Source records:
────────────────
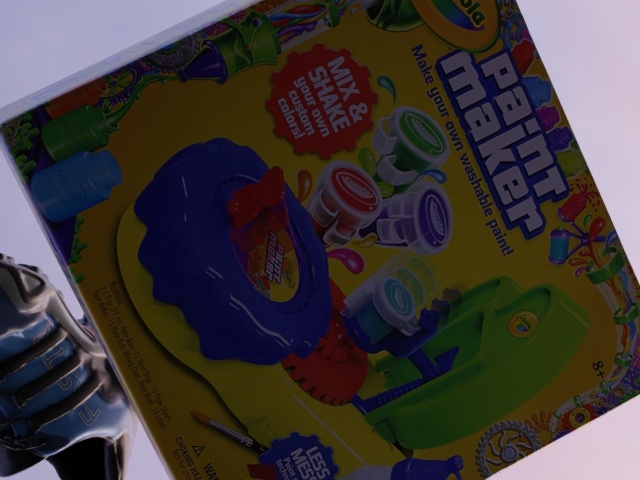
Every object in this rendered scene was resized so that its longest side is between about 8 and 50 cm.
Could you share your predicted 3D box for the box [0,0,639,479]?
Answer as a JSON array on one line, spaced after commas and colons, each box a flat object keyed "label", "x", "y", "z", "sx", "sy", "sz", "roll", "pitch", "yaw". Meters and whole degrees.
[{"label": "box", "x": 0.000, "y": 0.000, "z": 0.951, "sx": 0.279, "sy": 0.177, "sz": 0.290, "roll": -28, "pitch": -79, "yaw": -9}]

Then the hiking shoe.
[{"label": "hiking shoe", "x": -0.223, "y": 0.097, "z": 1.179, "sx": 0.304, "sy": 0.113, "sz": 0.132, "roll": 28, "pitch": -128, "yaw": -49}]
────────────────
- **Task to complete**
Word for word, repeat all the data, but not its images.

- **Solution**
Every object in this rendered scene was resized so that its longest side is between about 8 and 50 cm.
Could you share your predicted 3D box for the box [0,0,639,479]?
Answer as a JSON array on one line, spaced after commas and colons, each box a flat object keyed "label", "x", "y", "z", "sx", "sy", "sz", "roll", "pitch", "yaw". Meters and whole degrees.
[{"label": "box", "x": 0.000, "y": 0.000, "z": 0.951, "sx": 0.279, "sy": 0.177, "sz": 0.290, "roll": -28, "pitch": -79, "yaw": -9}]

Then the hiking shoe.
[{"label": "hiking shoe", "x": -0.223, "y": 0.097, "z": 1.179, "sx": 0.304, "sy": 0.113, "sz": 0.132, "roll": 28, "pitch": -128, "yaw": -49}]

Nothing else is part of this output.